— Input records —
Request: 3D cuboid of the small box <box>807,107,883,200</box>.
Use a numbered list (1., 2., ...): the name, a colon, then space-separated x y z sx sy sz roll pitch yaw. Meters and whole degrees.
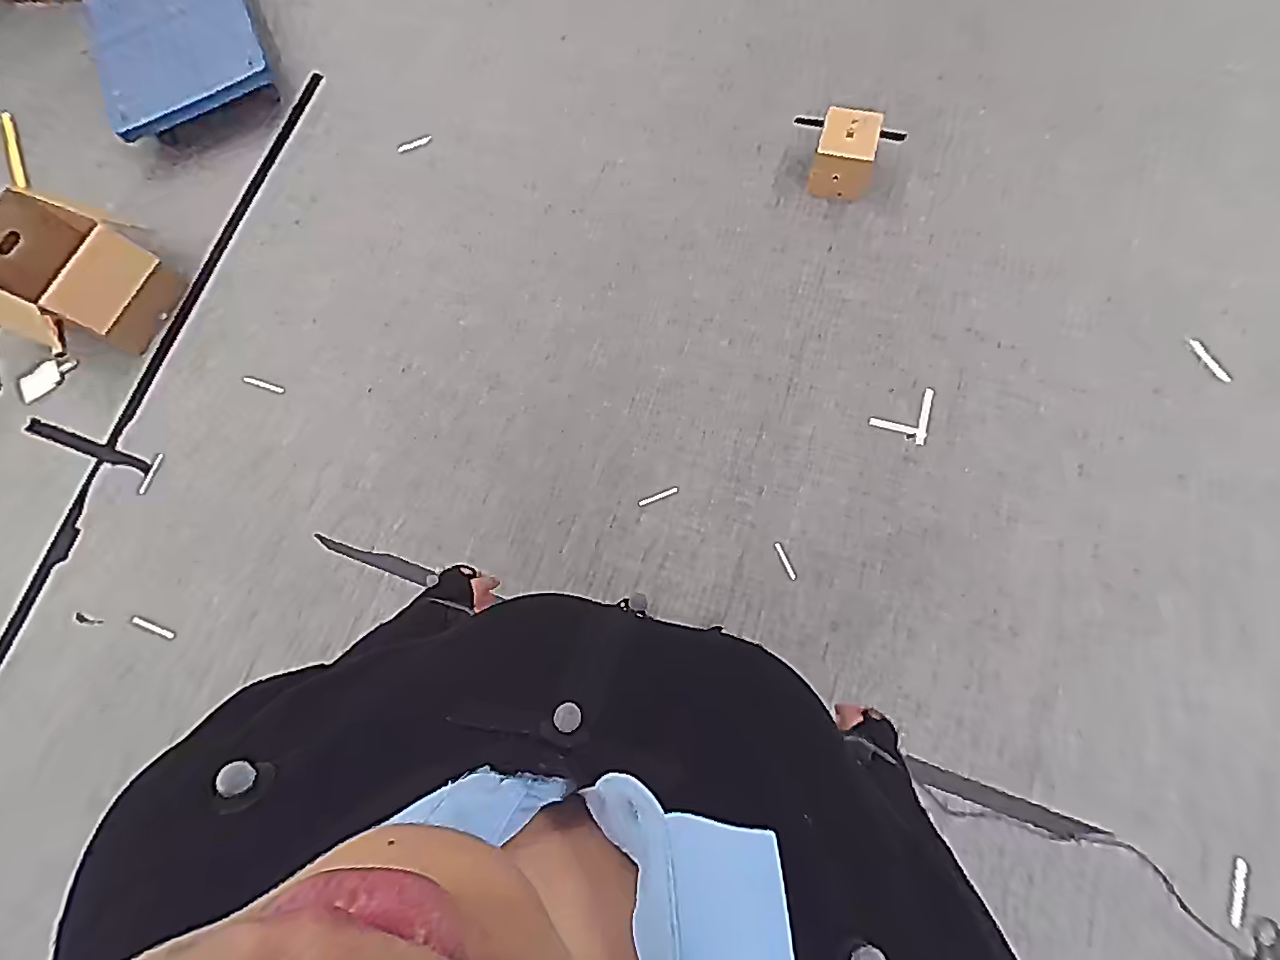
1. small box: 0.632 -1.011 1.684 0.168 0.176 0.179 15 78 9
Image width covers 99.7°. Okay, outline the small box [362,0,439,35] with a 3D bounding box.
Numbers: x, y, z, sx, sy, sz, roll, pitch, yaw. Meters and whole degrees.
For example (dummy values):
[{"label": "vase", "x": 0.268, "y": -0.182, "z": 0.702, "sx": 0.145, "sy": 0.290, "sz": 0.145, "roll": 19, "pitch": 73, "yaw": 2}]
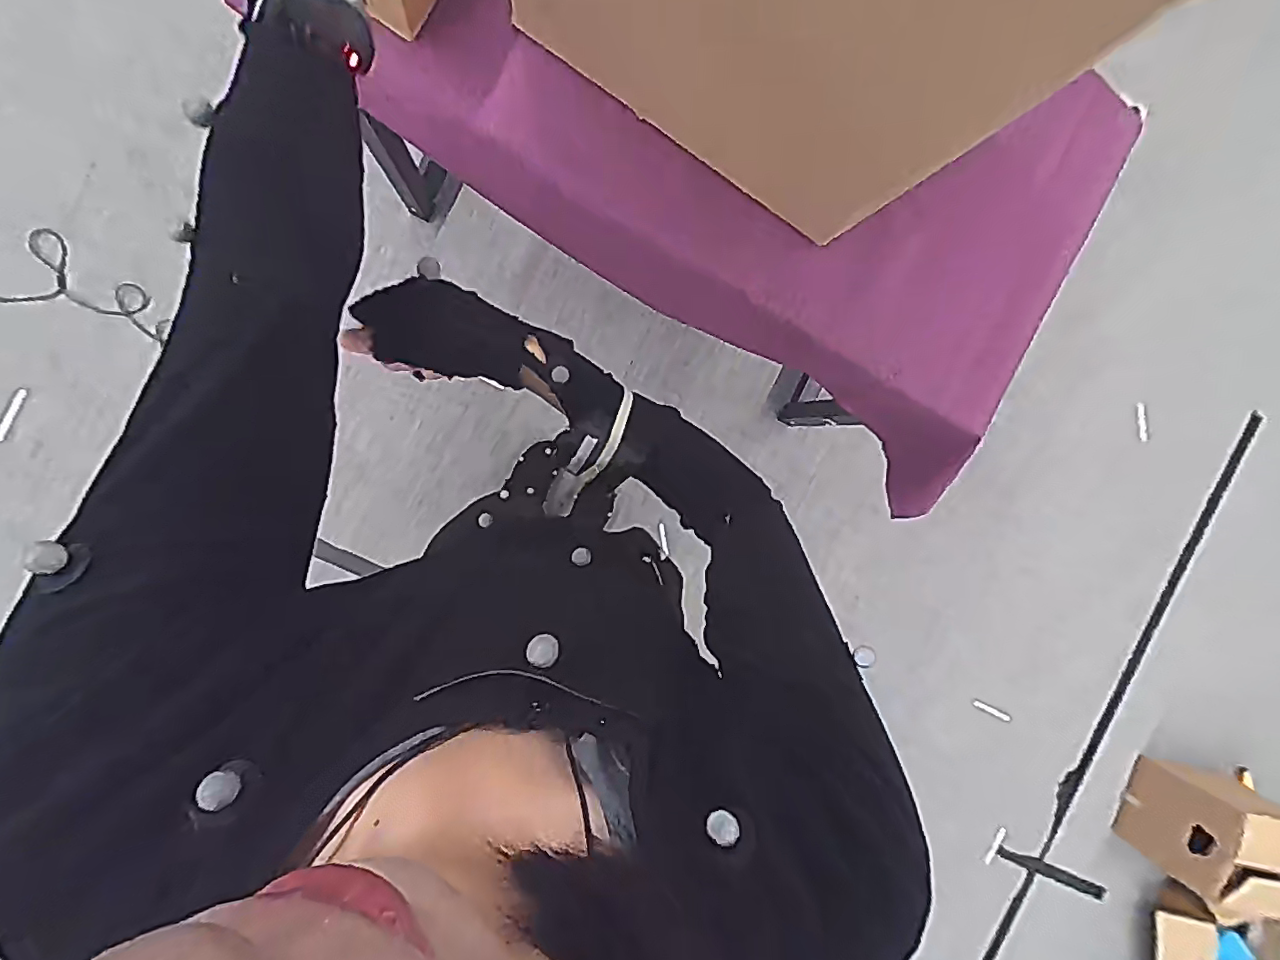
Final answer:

— Task to complete —
Nothing should be printed except the lines from the one with "Numbers: x, y, z, sx, sy, sz, roll, pitch, yaw." through the last line of the listing above, both ends included; please drop the pictures.

— Response area —
Numbers: x, y, z, sx, sy, sz, roll, pitch, yaw. Meters and whole degrees.
For example (dummy values):
[{"label": "vase", "x": 0.268, "y": -0.182, "z": 0.702, "sx": 0.145, "sy": 0.290, "sz": 0.145, "roll": 19, "pitch": 73, "yaw": 2}]
Final answer:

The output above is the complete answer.